受給額の計算は、日本の厚生年金の報酬比例部分と主旨としては似ているもののやや複雑。一次情報としてはsocial securityの公式サイトがあるが、ぐぐって出てくるページの方がまとまっていてわかりやすい。
いろいろ細かい調整はあるが、基本的には月額平均収入(Average Indexed Monthly Earnings, AIME)に基づいて計算されるPIA(Primary Insurance Amounts)と呼ばれる値で受給額が決まる。PIAは以下の式で計算される:
PIA = 0.9(注: 下記WEPにより変わる) * min(AIME, bp1) + 0.32 * min(0, (min(AIME, bp2) - bp1)) + 0.15 * min(0, (AIME - bp2))
一つの式にするとわかりにくいが、要するに、AIMEのうちbp1ドルまでの部分の90%、それを超えたbp2ドルまでの部分の32%、bp2ドルを超える部分の15%、の合計である。
ここで、bp1とbp2はbending pointsと呼ばれ、物価に応じて増減(通常年とともに増える)する。2014年の場合でそれぞれ816, 4917。過去の値はsocial securityのサイトに掲載されている。
AIMEは、62歳になるまでの間の各年ごとに収めたsocial security税の対象額(概ね名目給料額、ただし上記の上限あり)を62歳時での物価に応じて調整し、その結果の上位35年分についての月額の平均値。Social security税を支払った期間が35年に満たない場合、残りの年数は0として平均を取る(この部分は、ある程度年数が経ってからアメリカで働き始めた人にとっては重要)。物価による調整の指数はsocial securityのサイトで得られる。
さらに、一定額以上のsocial security税を収めた期間が30年に満たない場合、PIAを求める上記の式中の0.9が期間に応じて減じられる。1年足りないごとに0.05ずつ減り、最低で0.4になる。この仕組みはWindfall Elimination Provision (WEP)と呼ばれる。これもある程度年数が経ってからアメリカで働き始めた人にとっては重要なポイントになる。
求まったPIAが月額の年金の値となる。ただし、実際の年金受給額は物価に応じて調整される。
繰り下げ・繰り上げによる加算・減額
日米とも、標準の年金受給開始年齢(日本は現在65歳、アメリカは66歳、ただし1960年生まれ以降は67歳)から受給開始を遅らせる(繰り下げ)ことにより受給額を増やすことができる。また、受給額を減らす代わりに受給開始を早める(繰り上げ)こともできる。長生きのリスクヘッジというここでの主旨からすると重要なのは繰り下げなので、以下は繰り下げについてのみ述べる。

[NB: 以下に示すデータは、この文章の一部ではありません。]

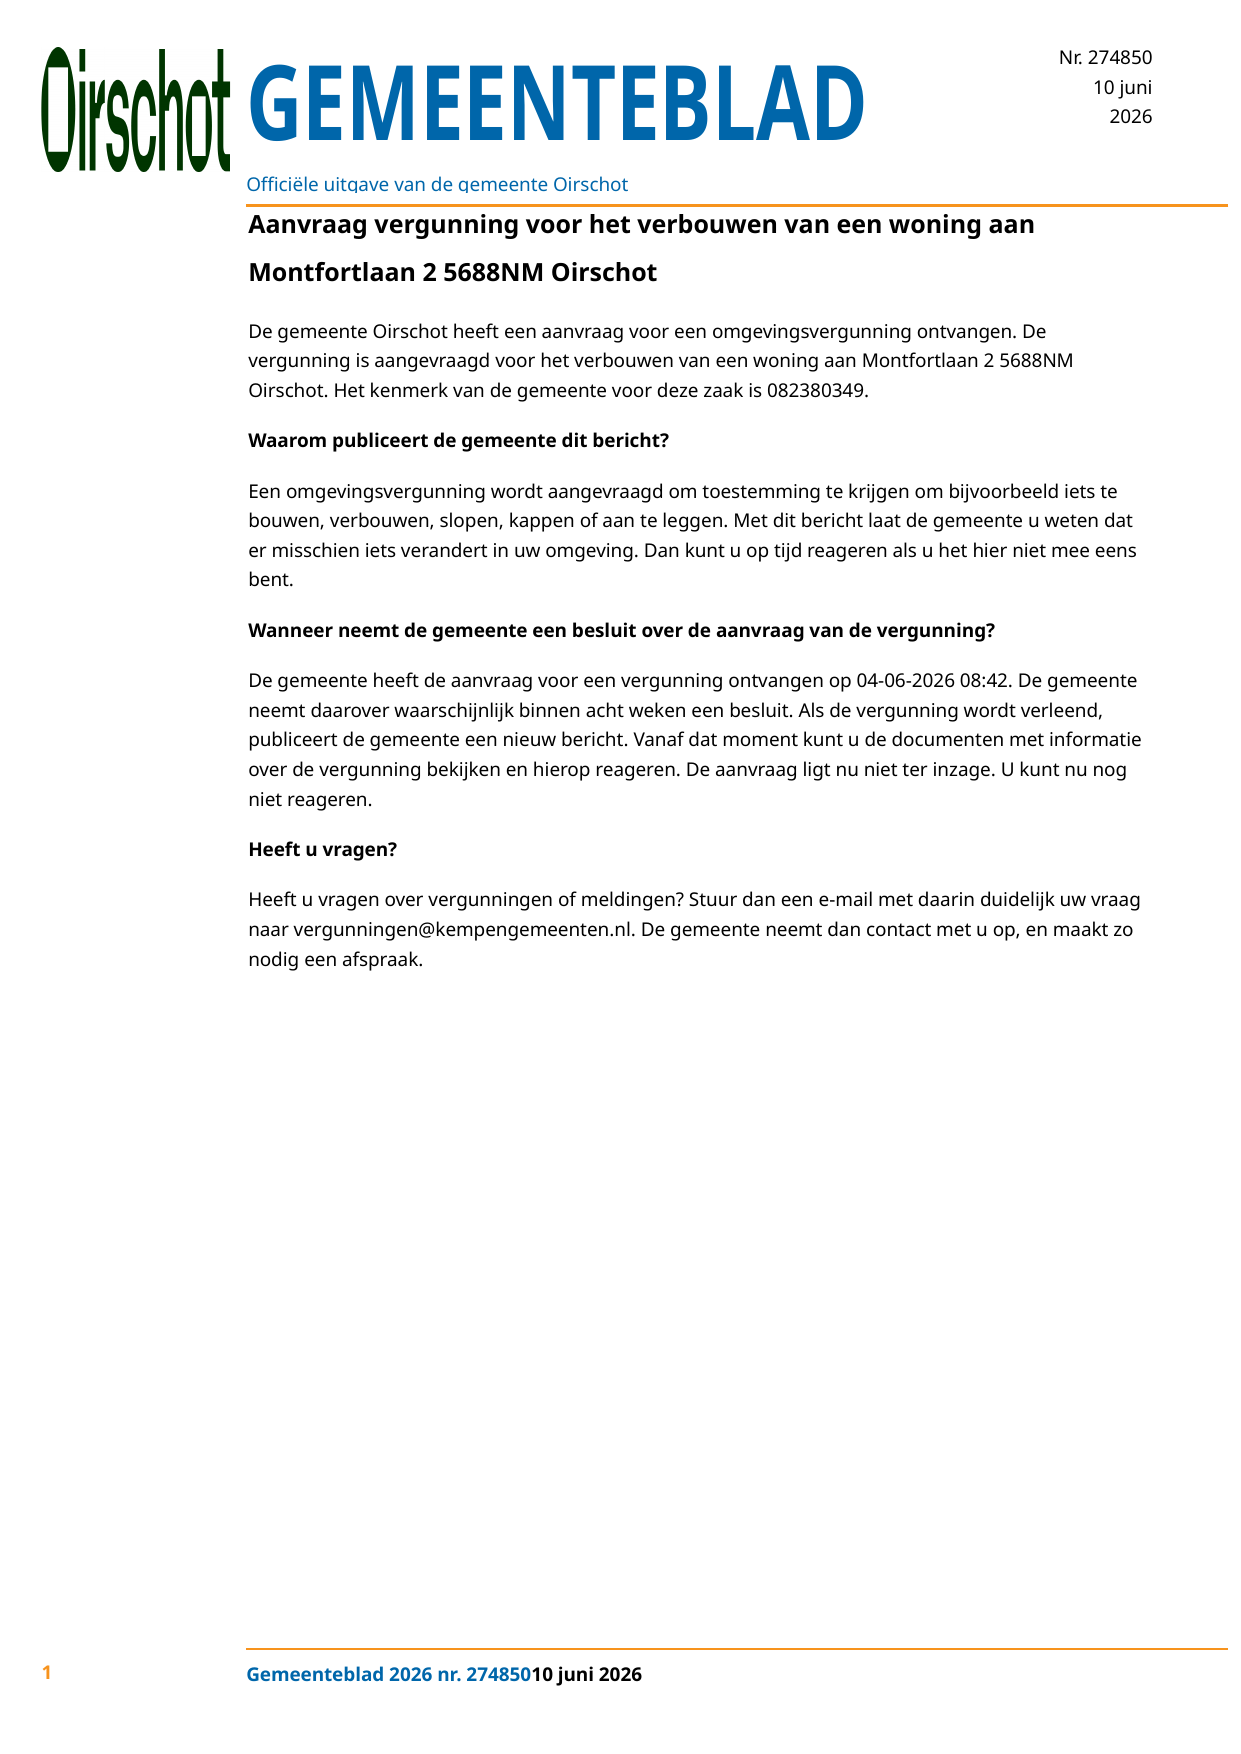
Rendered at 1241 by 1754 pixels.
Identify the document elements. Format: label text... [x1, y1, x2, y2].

text Een omgevingsvergunning wordt aangevraagd om toestemming te krijgen om bijvoorbeeld iets te bouwen, verbouwen, slopen, kappen of aan te leggen. Met dit bericht laat de gemeente u weten dat er misschien iets verandert in uw omgeving. Dan kunt u op tijd reageren als u het hier niet mee eens bent. [248, 478, 1152, 592]
text De gemeente Oirschot heeft een aanvraag voor een omgevingsvergunning ontvangen. De vergunning is aangevraagd voor het verbouwen van een woning aan Montfortlaan 2 5688NM Oirschot. Het kenmerk van de gemeente voor deze zaak is 082380349. [248, 318, 1152, 403]
text Heeft u vragen? [248, 836, 1152, 862]
text Waarom publiceert de gemeente dit bericht? [248, 427, 1152, 453]
picture [41, 47, 231, 172]
text Heeft u vragen over vergunningen of meldingen? Stuur dan een e-mail met daarin duidelijk uw vraag naar vergunningen@kempengemeenten.nl. De gemeente neemt dan contact met u op, en maakt zo nodig een afspraak. [248, 887, 1152, 972]
text De gemeente heeft de aanvraag voor een vergunning ontvangen op 04-06-2026 08:42. De gemeente neemt daarover waarschijnlijk binnen acht weken een besluit. Als de vergunning wordt verleend, publiceert de gemeente een nieuw bericht. Vanaf dat moment kunt u de documenten met informatie over de vergunning bekijken en hierop reageren. De aanvraag ligt nu niet ter inzage. U kunt nu nog niet reageren. [248, 667, 1152, 812]
text Aanvraag vergunning voor het verbouwen van een woning aan Montfortlaan 2 5688NM Oirschot [248, 207, 1152, 288]
text Wanneer neemt de gemeente een besluit over de aanvraag van de vergunning? [248, 617, 1152, 643]
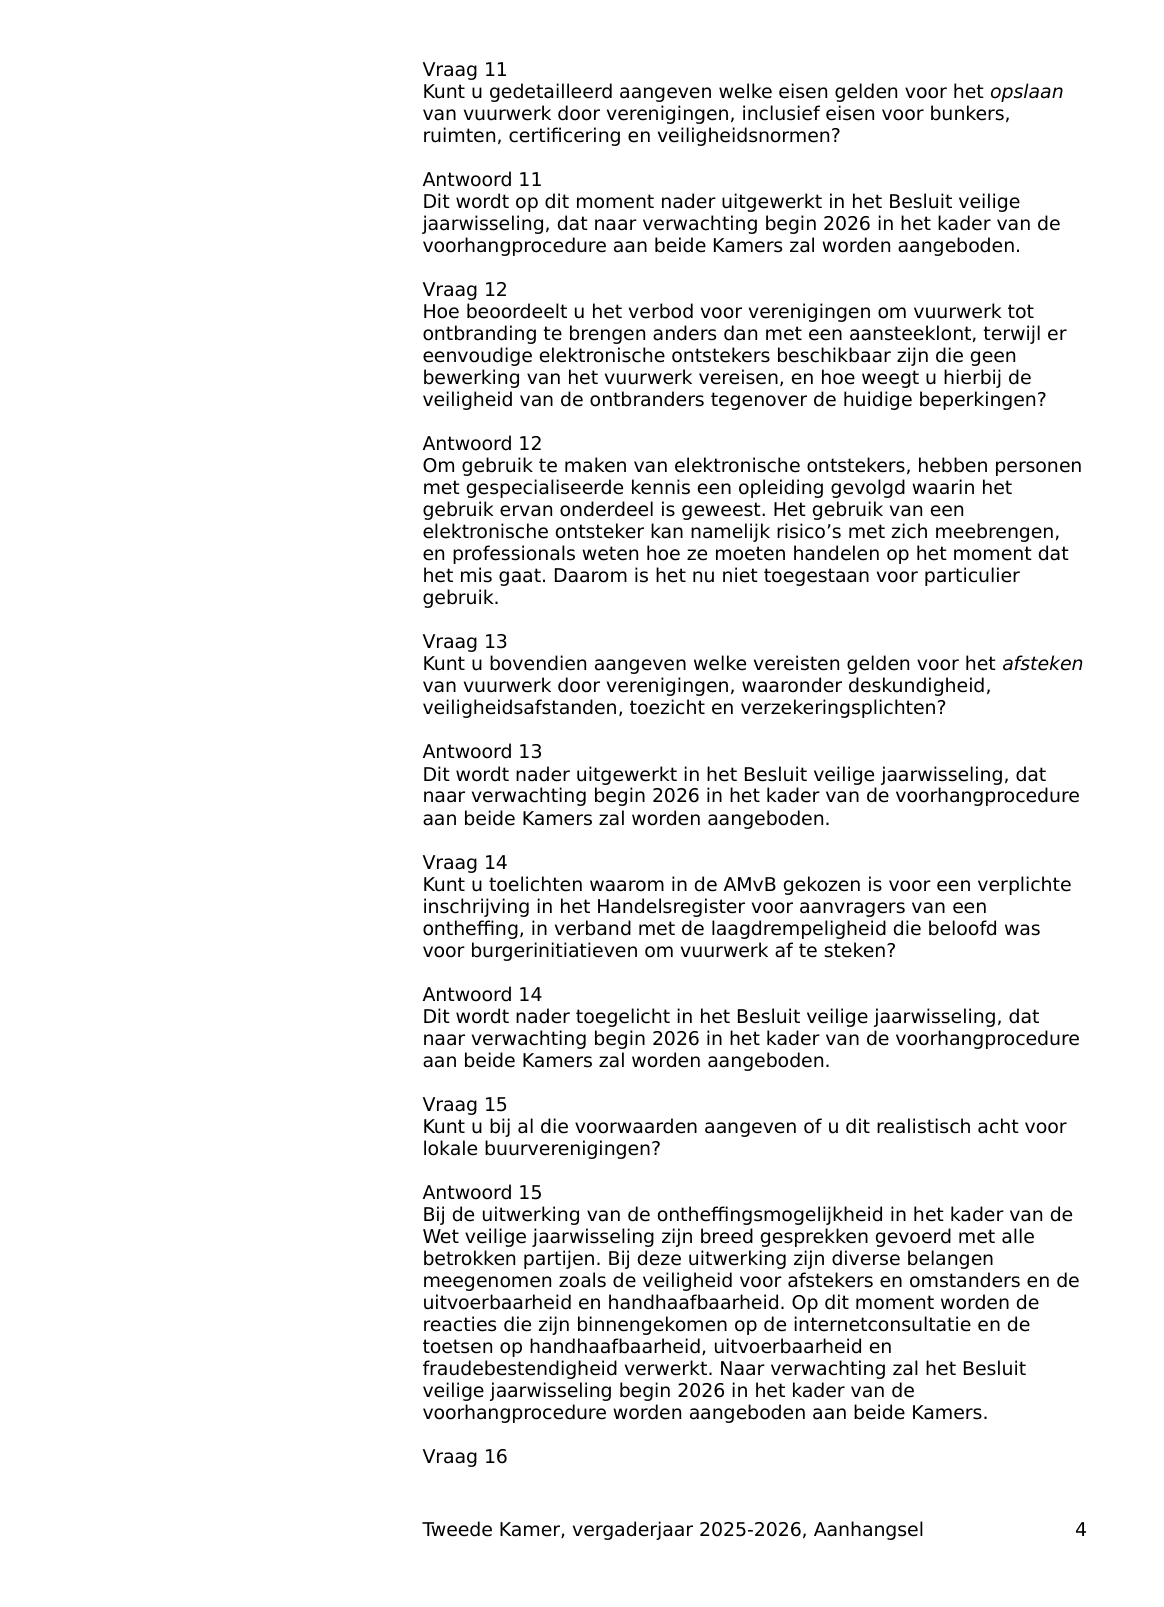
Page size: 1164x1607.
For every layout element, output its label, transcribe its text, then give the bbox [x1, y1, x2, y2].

text Bij de uitwerking van de ontheffingsmogelijkheid in het kader van de Wet veilige jaarwisseling zijn breed gesprekken gevoerd met alle betrokken partijen. Bij deze uitwerking zijn diverse belangen meegenomen zoals de veiligheid voor afstekers en omstanders en de uitvoerbaarheid en handhaafbaarheid. Op dit moment worden de reacties die zijn binnengekomen op de internetconsultatie en de toetsen op handhaafbaarheid, uitvoerbaarheid en fraudebestendigheid verwerkt. Naar verwachting zal het Besluit veilige jaarwisseling begin 2026 in het kader van de voorhangprocedure worden aangeboden aan beide Kamers. [422, 1204, 1087, 1424]
text Vraag 12 [422, 279, 1087, 301]
text Dit wordt nader toegelicht in het Besluit veilige jaarwisseling, dat naar verwachting begin 2026 in het kader van de voorhangprocedure aan beide Kamers zal worden aangeboden. [422, 1006, 1087, 1072]
text Vraag 13 [422, 631, 1087, 653]
text Kunt u bovendien aangeven welke vereisten gelden voor het afsteken van vuurwerk door verenigingen, waaronder deskundigheid, veiligheidsafstanden, toezicht en verzekeringsplichten? [422, 653, 1087, 719]
text Antwoord 14 [422, 984, 1087, 1006]
text Vraag 15 [422, 1094, 1087, 1116]
text Kunt u bij al die voorwaarden aangeven of u dit realistisch acht voor lokale buurverenigingen? [422, 1116, 1087, 1160]
text Antwoord 12 [422, 433, 1087, 455]
text Kunt u gedetailleerd aangeven welke eisen gelden voor het opslaan van vuurwerk door verenigingen, inclusief eisen voor bunkers, ruimten, certificering en veiligheidsnormen? [422, 81, 1087, 147]
text Vraag 14 [422, 852, 1087, 873]
text Om gebruik te maken van elektronische ontstekers, hebben personen met gespecialiseerde kennis een opleiding gevolgd waarin het gebruik ervan onderdeel is geweest. Het gebruik van een elektronische ontsteker kan namelijk risico’s met zich meebrengen, en professionals weten hoe ze moeten handelen op het moment dat het mis gaat. Daarom is het nu niet toegestaan voor particulier gebruik. [422, 455, 1087, 609]
text Vraag 11 [422, 59, 1087, 81]
text Vraag 16 [422, 1446, 1087, 1468]
text Antwoord 15 [422, 1182, 1087, 1204]
text Dit wordt op dit moment nader uitgewerkt in het Besluit veilige jaarwisseling, dat naar verwachting begin 2026 in het kader van de voorhangprocedure aan beide Kamers zal worden aangeboden. [422, 191, 1087, 257]
text Antwoord 11 [422, 169, 1087, 191]
text Antwoord 13 [422, 741, 1087, 763]
text Kunt u toelichten waarom in de AMvB gekozen is voor een verplichte inschrijving in het Handelsregister voor aanvragers van een ontheffing, in verband met de laagdrempeligheid die beloofd was voor burgerinitiatieven om vuurwerk af te steken? [422, 873, 1087, 961]
text Dit wordt nader uitgewerkt in het Besluit veilige jaarwisseling, dat naar verwachting begin 2026 in het kader van de voorhangprocedure aan beide Kamers zal worden aangeboden. [422, 763, 1087, 829]
text Hoe beoordeelt u het verbod voor verenigingen om vuurwerk tot ontbranding te brengen anders dan met een aansteeklont, terwijl er eenvoudige elektronische ontstekers beschikbaar zijn die geen bewerking van het vuurwerk vereisen, en hoe weegt u hierbij de veiligheid van de ontbranders tegenover de huidige beperkingen? [422, 301, 1087, 411]
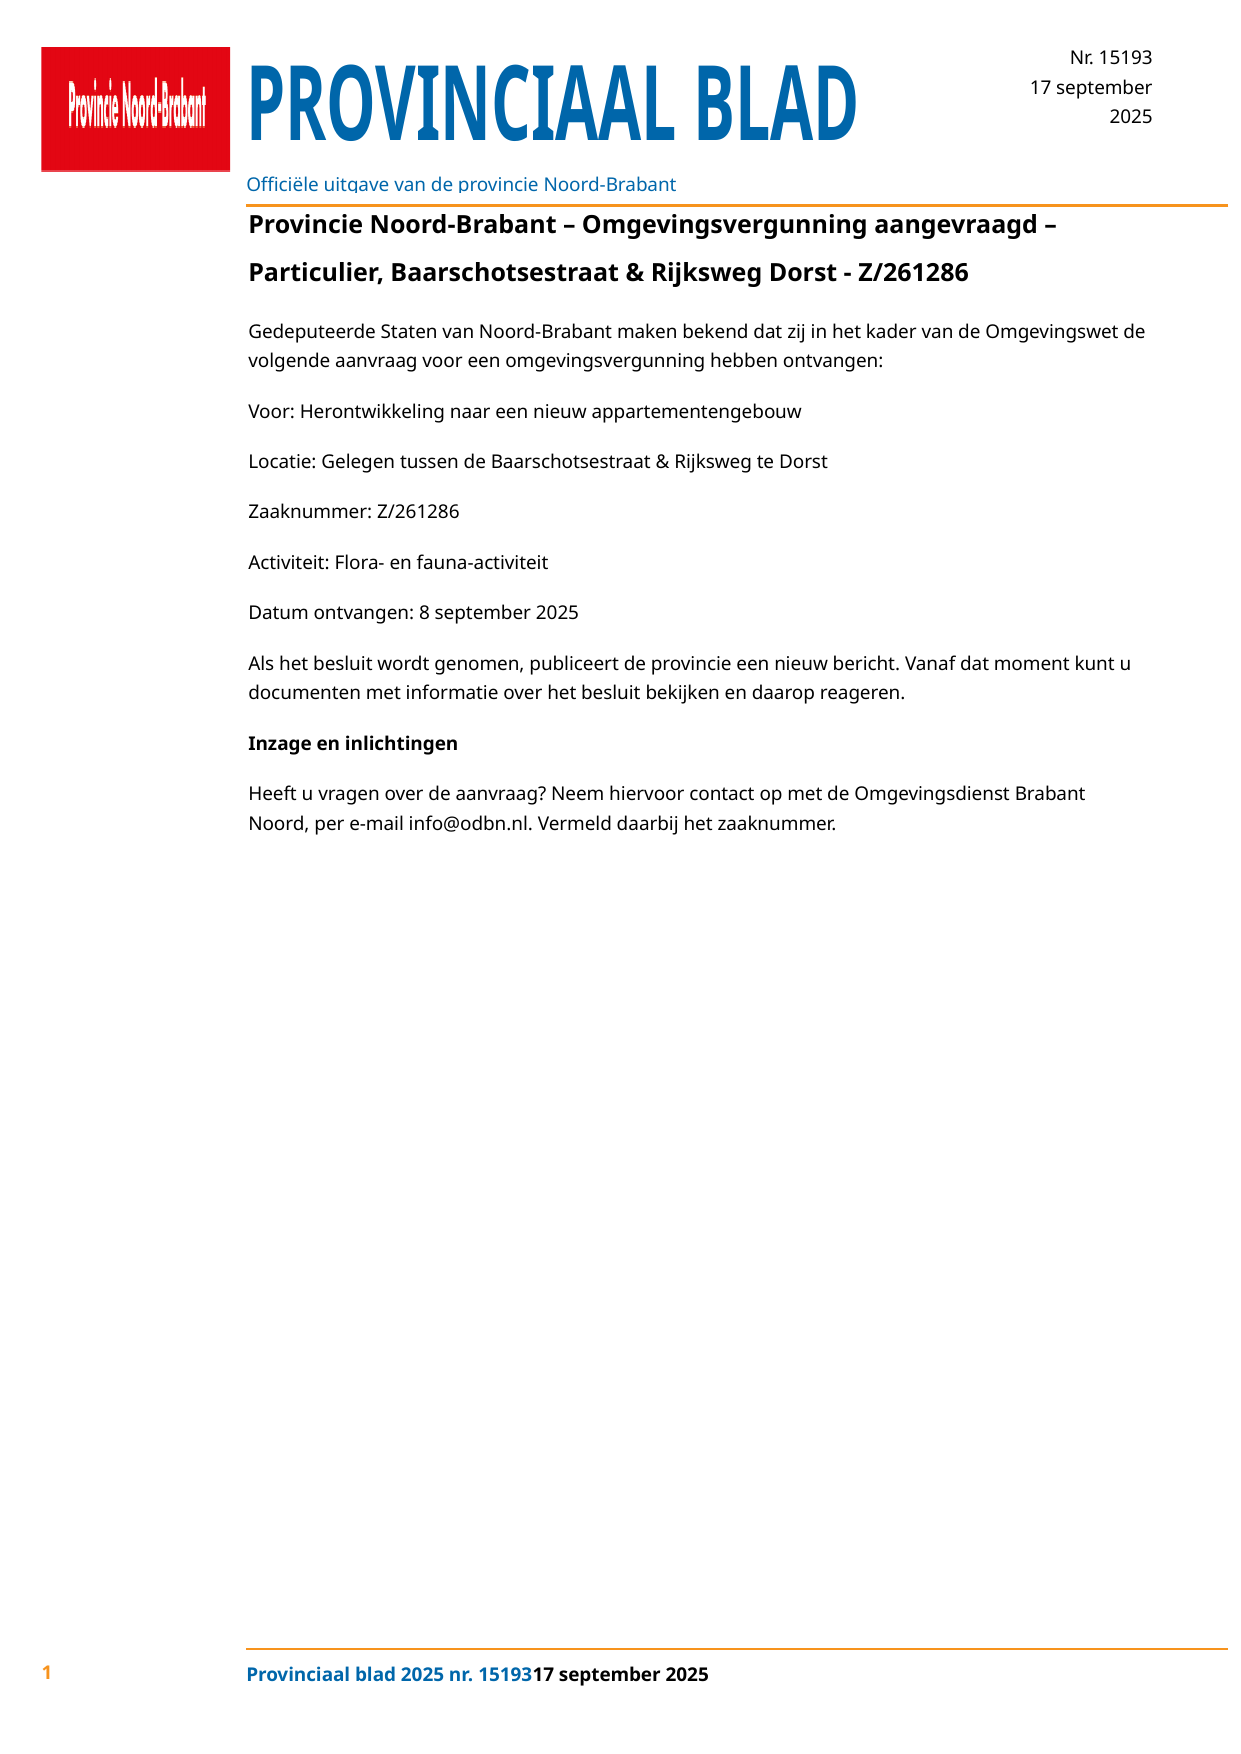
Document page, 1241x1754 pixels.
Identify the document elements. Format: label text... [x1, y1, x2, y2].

text Als het besluit wordt genomen, publiceert de provincie een nieuw bericht. Vanaf dat moment kunt u documenten met informatie over het besluit bekijken en daarop reageren. [248, 650, 1152, 705]
text Voor: Herontwikkeling naar een nieuw appartementengebouw [248, 398, 1152, 424]
text Heeft u vragen over de aanvraag? Neem hiervoor contact op met de Omgevingsdienst Brabant Noord, per e-mail info@odbn.nl. Vermeld daarbij het zaaknummer. [248, 780, 1152, 836]
text Activiteit: Flora- en fauna-activiteit [248, 549, 1152, 575]
text Locatie: Gelegen tussen de Baarschotsestraat & Rijksweg te Dorst [248, 448, 1152, 474]
text Inzage en inlichtingen [248, 730, 1152, 756]
text Gedeputeerde Staten van Noord-Brabant maken bekend dat zij in het kader van de Omgevingswet de volgende aanvraag voor een omgevingsvergunning hebben ontvangen: [248, 318, 1152, 373]
text Zaaknummer: Z/261286 [248, 499, 1152, 524]
text Provincie Noord-Brabant – Omgevingsvergunning aangevraagd – Particulier, Baarschotsestraat & Rijksweg Dorst - Z/261286 [248, 207, 1152, 288]
text Datum ontvangen: 8 september 2025 [248, 599, 1152, 625]
picture [41, 47, 231, 172]

日米とも最長70歳まで、月単位で繰り下げできる。日本の場合は1年の繰り下げにつき8.4%受給額が増え、最大42%増となる。アメリカの場合は1年あたり8%増え、最大32%増となる(1960年生まれ以降は最大24%増)。
繰下げ効果は重要である。日本の場合だと、5年で42%増というのは複利での年利約7%に相当する。無リスクでこの利回りを上げられる商品は(少なくとも現在の金利水準では)存在しないだろう。しかも、増えた後の額がその後の年金額の基準となり、インフレの調整もこの額が対象となる。次エントリの試算例でも、概ね最大限繰り下げする方が有利である(例外は繰り下げなくても年金だけで暮らせる状態になっている場合)。もちろん、繰り下げするためには年金が支給されるまでの生活費を賄えるだけの貯蓄を作っておかないといけない。その額を見積もり、用意する運用を考えるのが引退に向けての鍵の一つとなる。
年金と税金(日本)
老後資金の正確な見積のためには税金による手取り額の目減り分をきちんと考慮する必要がある。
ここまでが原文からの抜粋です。